**Data records**
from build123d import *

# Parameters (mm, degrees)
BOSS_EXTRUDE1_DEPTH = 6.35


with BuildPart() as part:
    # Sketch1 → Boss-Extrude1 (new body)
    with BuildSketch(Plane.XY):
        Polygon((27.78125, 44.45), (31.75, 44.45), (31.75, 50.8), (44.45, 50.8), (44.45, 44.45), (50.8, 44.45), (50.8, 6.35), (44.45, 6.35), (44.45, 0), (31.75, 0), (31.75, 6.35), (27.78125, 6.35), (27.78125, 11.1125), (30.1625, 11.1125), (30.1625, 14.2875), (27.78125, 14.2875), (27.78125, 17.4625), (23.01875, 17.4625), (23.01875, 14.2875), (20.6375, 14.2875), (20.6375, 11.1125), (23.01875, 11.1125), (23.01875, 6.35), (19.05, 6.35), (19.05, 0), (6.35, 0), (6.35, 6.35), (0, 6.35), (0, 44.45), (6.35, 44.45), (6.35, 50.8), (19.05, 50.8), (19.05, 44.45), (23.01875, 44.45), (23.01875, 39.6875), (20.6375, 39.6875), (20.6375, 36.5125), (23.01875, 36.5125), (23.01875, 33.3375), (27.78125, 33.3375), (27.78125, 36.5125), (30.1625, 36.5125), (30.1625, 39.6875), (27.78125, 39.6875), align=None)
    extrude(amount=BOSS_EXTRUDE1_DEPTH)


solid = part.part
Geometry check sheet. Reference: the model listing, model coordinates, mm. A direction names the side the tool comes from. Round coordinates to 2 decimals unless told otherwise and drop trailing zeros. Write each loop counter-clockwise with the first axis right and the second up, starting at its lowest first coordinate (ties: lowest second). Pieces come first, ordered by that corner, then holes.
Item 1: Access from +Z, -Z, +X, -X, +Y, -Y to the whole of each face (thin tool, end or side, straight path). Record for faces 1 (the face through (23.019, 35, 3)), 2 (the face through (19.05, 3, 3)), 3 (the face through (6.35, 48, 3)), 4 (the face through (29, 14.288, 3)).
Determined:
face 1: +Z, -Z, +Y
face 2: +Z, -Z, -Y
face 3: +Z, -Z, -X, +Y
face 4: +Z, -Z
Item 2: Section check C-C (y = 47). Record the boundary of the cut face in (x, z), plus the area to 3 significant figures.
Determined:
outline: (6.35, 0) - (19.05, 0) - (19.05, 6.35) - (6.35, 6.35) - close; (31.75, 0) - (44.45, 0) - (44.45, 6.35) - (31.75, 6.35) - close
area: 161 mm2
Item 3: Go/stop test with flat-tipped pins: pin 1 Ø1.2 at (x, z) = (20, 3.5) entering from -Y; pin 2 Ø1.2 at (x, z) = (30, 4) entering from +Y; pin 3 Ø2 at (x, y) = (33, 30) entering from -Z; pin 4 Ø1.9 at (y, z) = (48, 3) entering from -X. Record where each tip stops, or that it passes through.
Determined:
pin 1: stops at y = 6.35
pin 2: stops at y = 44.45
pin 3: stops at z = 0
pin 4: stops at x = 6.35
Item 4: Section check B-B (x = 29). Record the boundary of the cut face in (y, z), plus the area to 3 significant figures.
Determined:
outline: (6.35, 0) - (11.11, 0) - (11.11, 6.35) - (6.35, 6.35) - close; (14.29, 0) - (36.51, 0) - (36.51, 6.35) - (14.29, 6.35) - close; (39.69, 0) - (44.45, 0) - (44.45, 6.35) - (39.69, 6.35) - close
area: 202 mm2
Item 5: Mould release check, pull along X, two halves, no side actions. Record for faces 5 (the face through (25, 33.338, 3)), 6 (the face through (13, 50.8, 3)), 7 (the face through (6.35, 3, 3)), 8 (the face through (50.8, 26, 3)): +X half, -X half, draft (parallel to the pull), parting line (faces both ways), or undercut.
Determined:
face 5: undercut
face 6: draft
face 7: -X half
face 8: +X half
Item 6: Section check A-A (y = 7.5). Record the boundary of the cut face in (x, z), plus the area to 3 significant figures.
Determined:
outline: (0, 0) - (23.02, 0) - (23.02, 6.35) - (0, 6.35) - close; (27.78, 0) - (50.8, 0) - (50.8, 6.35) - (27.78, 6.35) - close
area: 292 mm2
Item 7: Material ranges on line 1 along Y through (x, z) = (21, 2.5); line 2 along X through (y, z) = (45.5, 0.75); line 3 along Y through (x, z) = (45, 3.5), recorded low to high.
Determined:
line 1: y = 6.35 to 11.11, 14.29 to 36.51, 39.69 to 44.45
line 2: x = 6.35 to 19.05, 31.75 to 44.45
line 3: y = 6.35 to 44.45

**Exercise aim**
Once you have read the data, reproduce all of it exactly.

**Exercise response**
from build123d import *

# Parameters (mm, degrees)
BOSS_EXTRUDE1_DEPTH = 6.35


with BuildPart() as part:
    # Sketch1 → Boss-Extrude1 (new body)
    with BuildSketch(Plane.XY):
        Polygon((27.78125, 44.45), (31.75, 44.45), (31.75, 50.8), (44.45, 50.8), (44.45, 44.45), (50.8, 44.45), (50.8, 6.35), (44.45, 6.35), (44.45, 0), (31.75, 0), (31.75, 6.35), (27.78125, 6.35), (27.78125, 11.1125), (30.1625, 11.1125), (30.1625, 14.2875), (27.78125, 14.2875), (27.78125, 17.4625), (23.01875, 17.4625), (23.01875, 14.2875), (20.6375, 14.2875), (20.6375, 11.1125), (23.01875, 11.1125), (23.01875, 6.35), (19.05, 6.35), (19.05, 0), (6.35, 0), (6.35, 6.35), (0, 6.35), (0, 44.45), (6.35, 44.45), (6.35, 50.8), (19.05, 50.8), (19.05, 44.45), (23.01875, 44.45), (23.01875, 39.6875), (20.6375, 39.6875), (20.6375, 36.5125), (23.01875, 36.5125), (23.01875, 33.3375), (27.78125, 33.3375), (27.78125, 36.5125), (30.1625, 36.5125), (30.1625, 39.6875), (27.78125, 39.6875), align=None)
    extrude(amount=BOSS_EXTRUDE1_DEPTH)


solid = part.part
Geometry check sheet. Reference: the model listing, model coordinates, mm. A direction names the side the tool comes from. Round coordinates to 2 decimals unless told otherwise and drop trailing zeros. Write each loop counter-clockwise with the first axis right and the second up, starting at its lowest first coordinate (ties: lowest second). Pieces come first, ordered by that corner, then holes.
Item 1: Access from +Z, -Z, +X, -X, +Y, -Y to the whole of each face (thin tool, end or side, straight path). Record for faces 1 (the face through (23.019, 35, 3)), 2 (the face through (19.05, 3, 3)), 3 (the face through (6.35, 48, 3)), 4 (the face through (29, 14.288, 3)).
Determined:
face 1: +Z, -Z, +Y
face 2: +Z, -Z, -Y
face 3: +Z, -Z, -X, +Y
face 4: +Z, -Z
Item 2: Section check C-C (y = 47). Record the boundary of the cut face in (x, z), plus the area to 3 significant figures.
Determined:
outline: (6.35, 0) - (19.05, 0) - (19.05, 6.35) - (6.35, 6.35) - close; (31.75, 0) - (44.45, 0) - (44.45, 6.35) - (31.75, 6.35) - close
area: 161 mm2
Item 3: Go/stop test with flat-tipped pins: pin 1 Ø1.2 at (x, z) = (20, 3.5) entering from -Y; pin 2 Ø1.2 at (x, z) = (30, 4) entering from +Y; pin 3 Ø2 at (x, y) = (33, 30) entering from -Z; pin 4 Ø1.9 at (y, z) = (48, 3) entering from -X. Record where each tip stops, or that it passes through.
Determined:
pin 1: stops at y = 6.35
pin 2: stops at y = 44.45
pin 3: stops at z = 0
pin 4: stops at x = 6.35
Item 4: Section check B-B (x = 29). Record the boundary of the cut face in (y, z), plus the area to 3 significant figures.
Determined:
outline: (6.35, 0) - (11.11, 0) - (11.11, 6.35) - (6.35, 6.35) - close; (14.29, 0) - (36.51, 0) - (36.51, 6.35) - (14.29, 6.35) - close; (39.69, 0) - (44.45, 0) - (44.45, 6.35) - (39.69, 6.35) - close
area: 202 mm2
Item 5: Mould release check, pull along X, two halves, no side actions. Record for faces 5 (the face through (25, 33.338, 3)), 6 (the face through (13, 50.8, 3)), 7 (the face through (6.35, 3, 3)), 8 (the face through (50.8, 26, 3)): +X half, -X half, draft (parallel to the pull), parting line (faces both ways), or undercut.
Determined:
face 5: undercut
face 6: draft
face 7: -X half
face 8: +X half
Item 6: Section check A-A (y = 7.5). Record the boundary of the cut face in (x, z), plus the area to 3 significant figures.
Determined:
outline: (0, 0) - (23.02, 0) - (23.02, 6.35) - (0, 6.35) - close; (27.78, 0) - (50.8, 0) - (50.8, 6.35) - (27.78, 6.35) - close
area: 292 mm2
Item 7: Material ranges on line 1 along Y through (x, z) = (21, 2.5); line 2 along X through (y, z) = (45.5, 0.75); line 3 along Y through (x, z) = (45, 3.5), recorded low to high.
Determined:
line 1: y = 6.35 to 11.11, 14.29 to 36.51, 39.69 to 44.45
line 2: x = 6.35 to 19.05, 31.75 to 44.45
line 3: y = 6.35 to 44.45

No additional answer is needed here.